(TASK DESCRIPTION): In the data below, locate each line with the word "hoogte" and list it.

(PROVIDED RECORDS):
<<<<
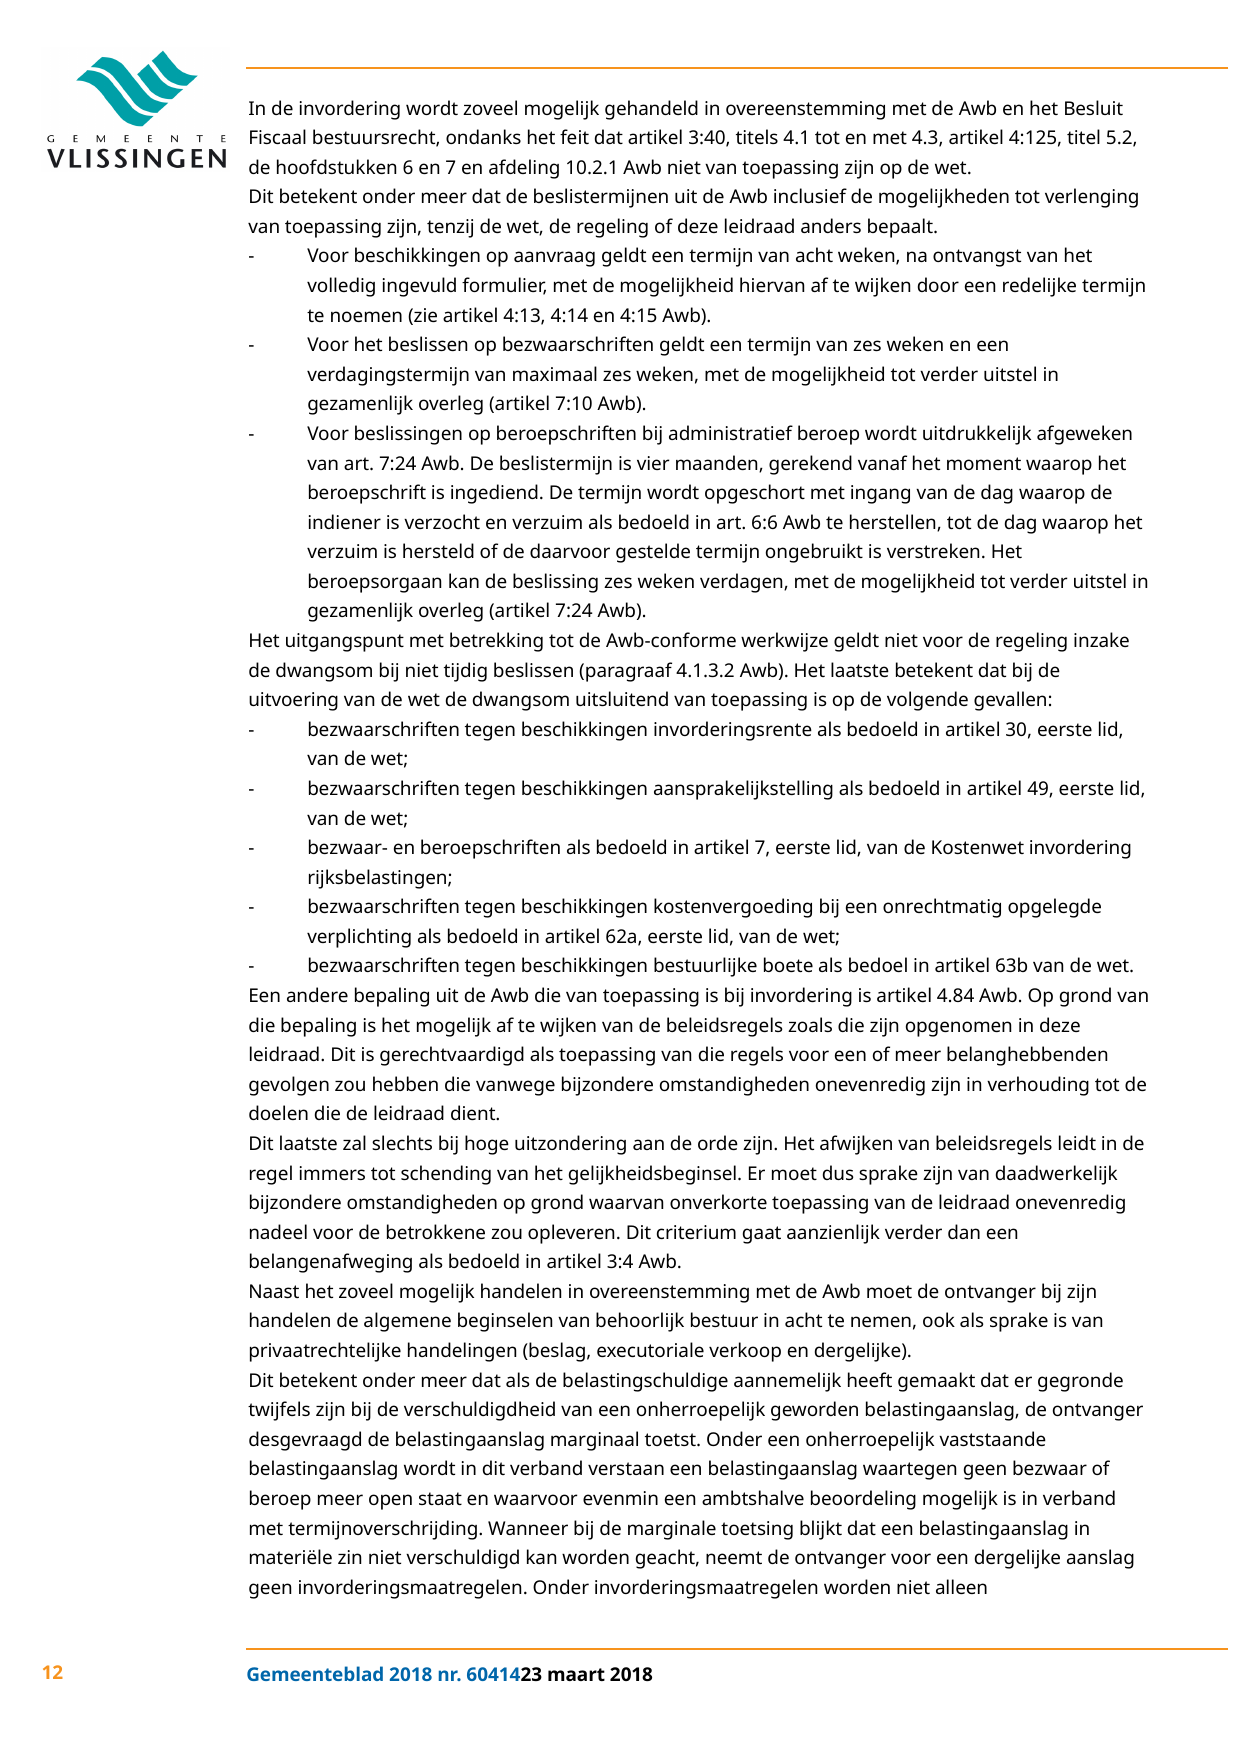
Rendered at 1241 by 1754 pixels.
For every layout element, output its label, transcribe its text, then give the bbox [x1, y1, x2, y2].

text Dit betekent onder meer dat als de belastingschuldige aannemelijk heeft gemaakt dat er gegronde twijfels zijn bij de verschuldigdheid van een onherroepelijk geworden belastingaanslag, de ontvanger desgevraagd de belastingaanslag marginaal toetst. Onder een onherroepelijk vaststaande belastingaanslag wordt in dit verband verstaan een belastingaanslag waartegen geen bezwaar of beroep meer open staat en waarvoor evenmin een ambtshalve beoordeling mogelijk is in verband met termijnoverschrijding. Wanneer bij de marginale toetsing blijkt dat een belastingaanslag in materiële zin niet verschuldigd kan worden geacht, neemt de ontvanger voor een dergelijke aanslag geen invorderingsmaatregelen. Onder invorderingsmaatregelen worden niet alleen [248, 1367, 1152, 1600]
text Een andere bepaling uit de Awb die van toepassing is bij invordering is artikel 4.84 Awb. Op grond van die bepaling is het mogelijk af te wijken van de beleidsregels zoals die zijn opgenomen in deze leidraad. Dit is gerechtvaardigd als toepassing van die regels voor een of meer belanghebbenden gevolgen zou hebben die vanwege bijzondere omstandigheden onevenredig zijn in verhouding tot de doelen die de leidraad dient. [248, 982, 1152, 1126]
list Voor beschikkingen op aanvraag geldt een termijn van acht weken, na ontvangst van het volledig ingevuld formulier, met de mogelijkheid hiervan af te wijken door een redelijke termijn te noemen (zie artikel 4:13, 4:14 en 4:15 Awb). [248, 243, 1152, 328]
picture [41, 47, 231, 172]
text Het uitgangspunt met betrekking tot de Awb-conforme werkwijze geldt niet voor de regeling inzake de dwangsom bij niet tijdig beslissen (paragraaf 4.1.3.2 Awb). Het laatste betekent dat bij de uitvoering van de wet de dwangsom uitsluitend van toepassing is op de volgende gevallen: [248, 627, 1152, 712]
list bezwaarschriften tegen beschikkingen kostenvergoeding bij een onrechtmatig opgelegde verplichting als bedoeld in artikel 62a, eerste lid, van de wet; [248, 893, 1152, 949]
list Voor het beslissen op bezwaarschriften geldt een termijn van zes weken en een verdagingstermijn van maximaal zes weken, met de mogelijkheid tot verder uitstel in gezamenlijk overleg (artikel 7:10 Awb). [248, 331, 1152, 416]
list bezwaarschriften tegen beschikkingen invorderingsrente als bedoeld in artikel 30, eerste lid, van de wet; [248, 716, 1152, 771]
list Voor beslissingen op beroepschriften bij administratief beroep wordt uitdrukkelijk afgeweken van art. 7:24 Awb. De beslistermijn is vier maanden, gerekend vanaf het moment waarop het beroepschrift is ingediend. De termijn wordt opgeschort met ingang van de dag waarop de indiener is verzocht en verzuim als bedoeld in art. 6:6 Awb te herstellen, tot de dag waarop het verzuim is hersteld of de daarvoor gestelde termijn ongebruikt is verstreken. Het beroepsorgaan kan de beslissing zes weken verdagen, met de mogelijkheid tot verder uitstel in gezamenlijk overleg (artikel 7:24 Awb). [248, 420, 1152, 623]
text Dit laatste zal slechts bij hoge uitzondering aan de orde zijn. Het afwijken van beleidsregels leidt in de regel immers tot schending van het gelijkheidsbeginsel. Er moet dus sprake zijn van daadwerkelijk bijzondere omstandigheden op grond waarvan onverkorte toepassing van de leidraad onevenredig nadeel voor de betrokkene zou opleveren. Dit criterium gaat aanzienlijk verder dan een belangenafweging als bedoeld in artikel 3:4 Awb. [248, 1130, 1152, 1274]
list bezwaarschriften tegen beschikkingen bestuurlijke boete als bedoel in artikel 63b van de wet. [248, 953, 1152, 978]
list bezwaarschriften tegen beschikkingen aansprakelijkstelling als bedoeld in artikel 49, eerste lid, van de wet; [248, 775, 1152, 831]
text Dit betekent onder meer dat de beslistermijnen uit de Awb inclusief de mogelijkheden tot verlenging van toepassing zijn, tenzij de wet, de regeling of deze leidraad anders bepaalt. [248, 183, 1152, 239]
list bezwaar- en beroepschriften als bedoeld in artikel 7, eerste lid, van de Kostenwet invordering rijksbelastingen; [248, 834, 1152, 890]
text In de invordering wordt zoveel mogelijk gehandeld in overeenstemming met de Awb en het Besluit Fiscaal bestuursrecht, ondanks het feit dat artikel 3:40, titels 4.1 tot en met 4.3, artikel 4:125, titel 5.2, de hoofdstukken 6 en 7 en afdeling 10.2.1 Awb niet van toepassing zijn op de wet. [248, 95, 1152, 180]
text Naast het zoveel mogelijk handelen in overeenstemming met de Awb moet de ontvanger bij zijn handelen de algemene beginselen van behoorlijk bestuur in acht te nemen, ook als sprake is van privaatrechtelijke handelingen (beslag, executoriale verkoop en dergelijke). [248, 1278, 1152, 1363]
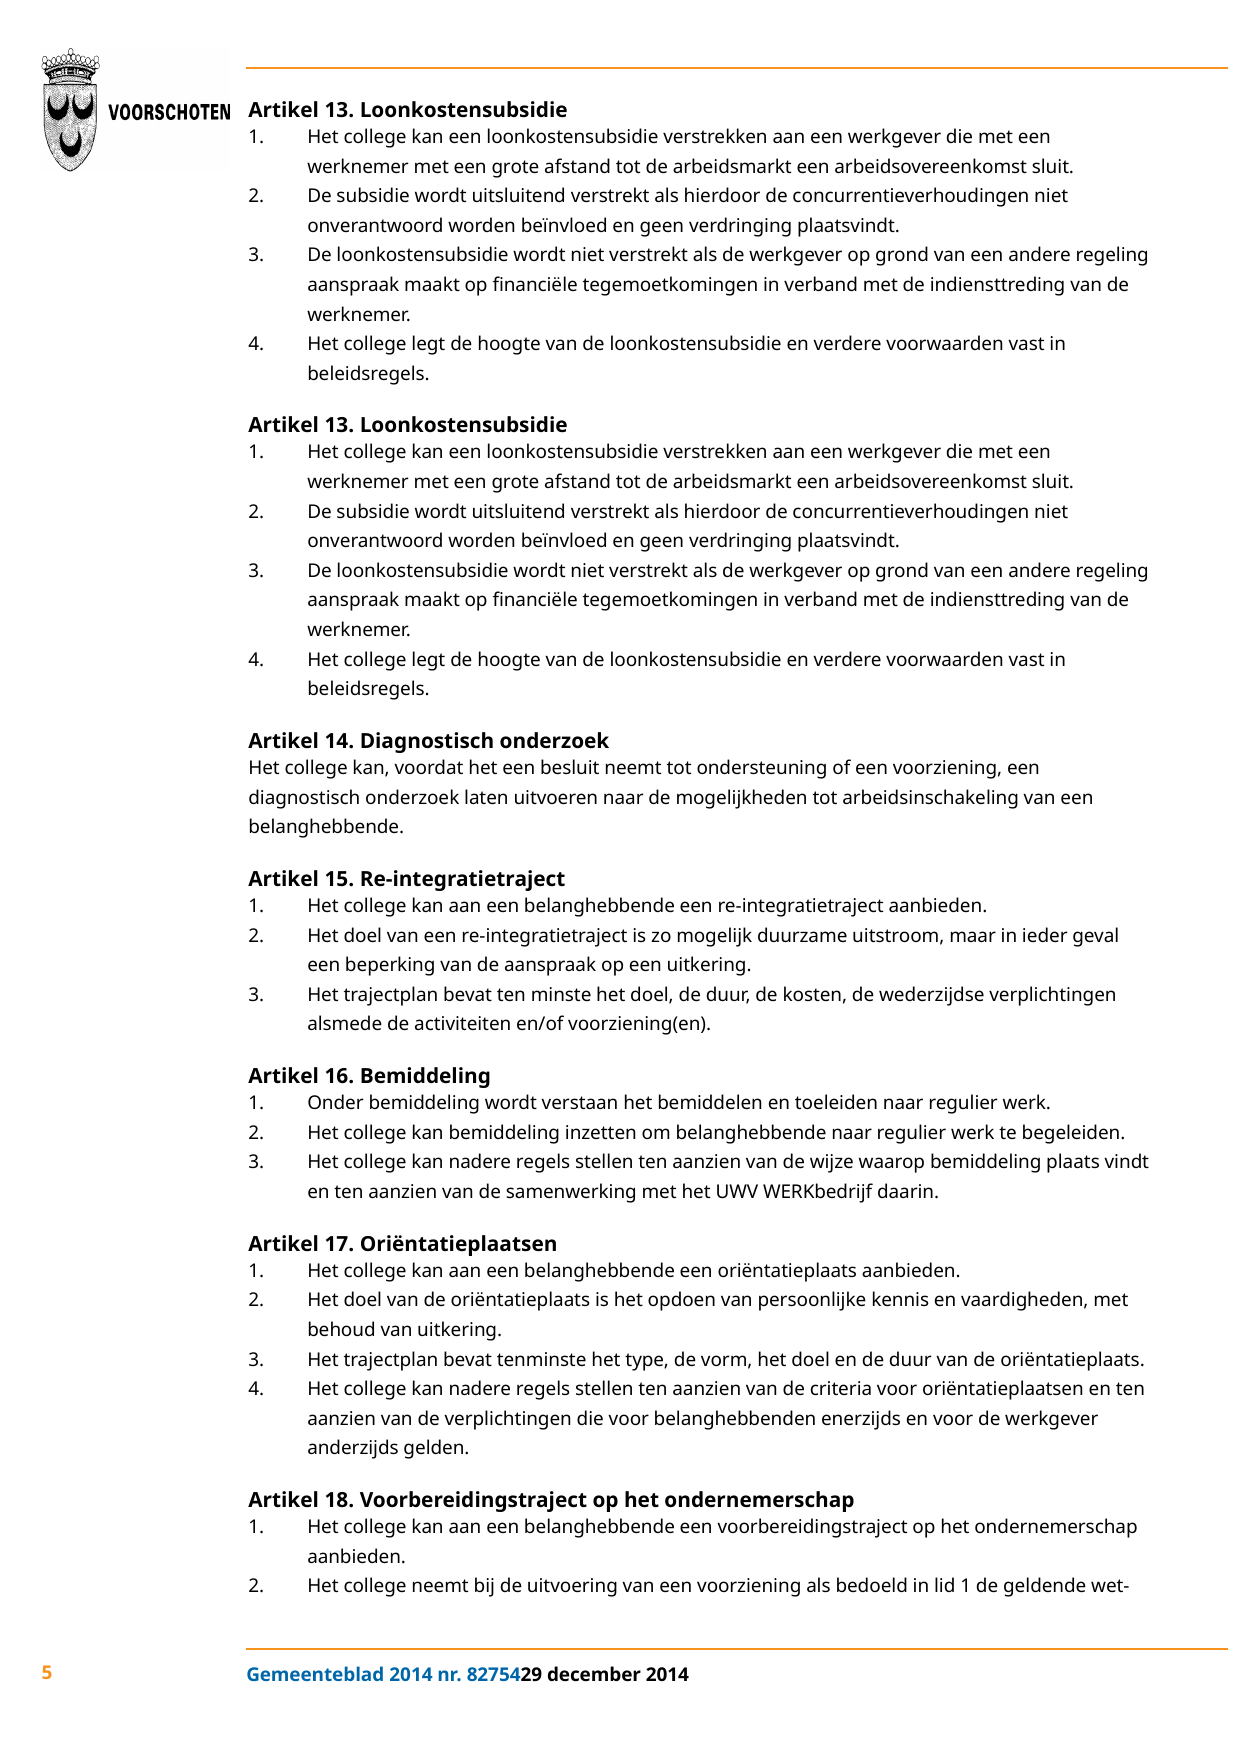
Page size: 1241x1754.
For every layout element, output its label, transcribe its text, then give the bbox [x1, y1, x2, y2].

list De loonkostensubsidie wordt niet verstrekt als de werkgever op grond van een andere regeling aanspraak maakt op financiële tegemoetkomingen in verband met de indiensttreding van de werknemer. [248, 242, 1152, 326]
list Het college kan nadere regels stellen ten aanzien van de wijze waarop bemiddeling plaats vindt en ten aanzien van de samenwerking met het UWV WERKbedrijf daarin. [248, 1149, 1152, 1204]
list Onder bemiddeling wordt verstaan het bemiddelen en toeleiden naar regulier werk. [248, 1089, 1152, 1115]
list Het college kan aan een belanghebbende een oriëntatieplaats aanbieden. [248, 1257, 1152, 1283]
text Artikel 15. Re-integratietraject [248, 864, 1152, 892]
picture [41, 47, 231, 172]
list Het college legt de hoogte van de loonkostensubsidie en verdere voorwaarden vast in beleidsregels. [248, 330, 1152, 386]
list Het doel van een re-integratietraject is zo mogelijk duurzame uitstroom, maar in ieder geval een beperking van de aanspraak op een uitkering. [248, 922, 1152, 977]
text Artikel 16. Bemiddeling [248, 1061, 1152, 1089]
list Het doel van de oriëntatieplaats is het opdoen van persoonlijke kennis en vaardigheden, met behoud van uitkering. [248, 1287, 1152, 1342]
text Het college kan, voordat het een besluit neemt tot ondersteuning of een voorziening, een diagnostisch onderzoek laten uitvoeren naar de mogelijkheden tot arbeidsinschakeling van een belanghebbende. [248, 754, 1152, 839]
list Het college legt de hoogte van de loonkostensubsidie en verdere voorwaarden vast in beleidsregels. [248, 646, 1152, 701]
text Artikel 18. Voorbereidingstraject op het ondernemerschap [248, 1485, 1152, 1513]
list Het college kan aan een belanghebbende een re-integratietraject aanbieden. [248, 892, 1152, 918]
text Artikel 17. Oriëntatieplaatsen [248, 1229, 1152, 1257]
list Het college kan een loonkostensubsidie verstrekken aan een werkgever die met een werknemer met een grote afstand tot de arbeidsmarkt een arbeidsovereenkomst sluit. [248, 439, 1152, 494]
list De subsidie wordt uitsluitend verstrekt als hierdoor de concurrentieverhoudingen niet onverantwoord worden beïnvloed en geen verdringing plaatsvindt. [248, 182, 1152, 238]
list Het trajectplan bevat tenminste het type, de vorm, het doel en de duur van de oriëntatieplaats. [248, 1346, 1152, 1372]
list Het college kan nadere regels stellen ten aanzien van de criteria voor oriëntatieplaatsen en ten aanzien van de verplichtingen die voor belanghebbenden enerzijds en voor de werkgever anderzijds gelden. [248, 1375, 1152, 1460]
text Artikel 14. Diagnostisch onderzoek [248, 726, 1152, 754]
list Het trajectplan bevat ten minste het doel, de duur, de kosten, de wederzijdse verplichtingen alsmede de activiteiten en/of voorziening(en). [248, 981, 1152, 1036]
list De loonkostensubsidie wordt niet verstrekt als de werkgever op grond van een andere regeling aanspraak maakt op financiële tegemoetkomingen in verband met de indiensttreding van de werknemer. [248, 557, 1152, 642]
list Het college kan aan een belanghebbende een voorbereidingstraject op het ondernemerschap aanbieden. [248, 1513, 1152, 1569]
list De subsidie wordt uitsluitend verstrekt als hierdoor de concurrentieverhoudingen niet onverantwoord worden beïnvloed en geen verdringing plaatsvindt. [248, 498, 1152, 553]
text Artikel 13. Loonkostensubsidie [248, 95, 1152, 123]
list Het college neemt bij de uitvoering van een voorziening als bedoeld in lid 1 de geldende wet- [248, 1573, 1152, 1598]
list Het college kan bemiddeling inzetten om belanghebbende naar regulier werk te begeleiden. [248, 1119, 1152, 1145]
text Artikel 13. Loonkostensubsidie [248, 410, 1152, 439]
list Het college kan een loonkostensubsidie verstrekken aan een werkgever die met een werknemer met een grote afstand tot de arbeidsmarkt een arbeidsovereenkomst sluit. [248, 123, 1152, 178]
>>>>
(THE ANSWER):
list Het college legt de hoogte van de loonkostensubsidie en verdere voorwaarden vast in beleidsregels. [248, 330, 1152, 386]
list Het college legt de hoogte van de loonkostensubsidie en verdere voorwaarden vast in beleidsregels. [248, 646, 1152, 701]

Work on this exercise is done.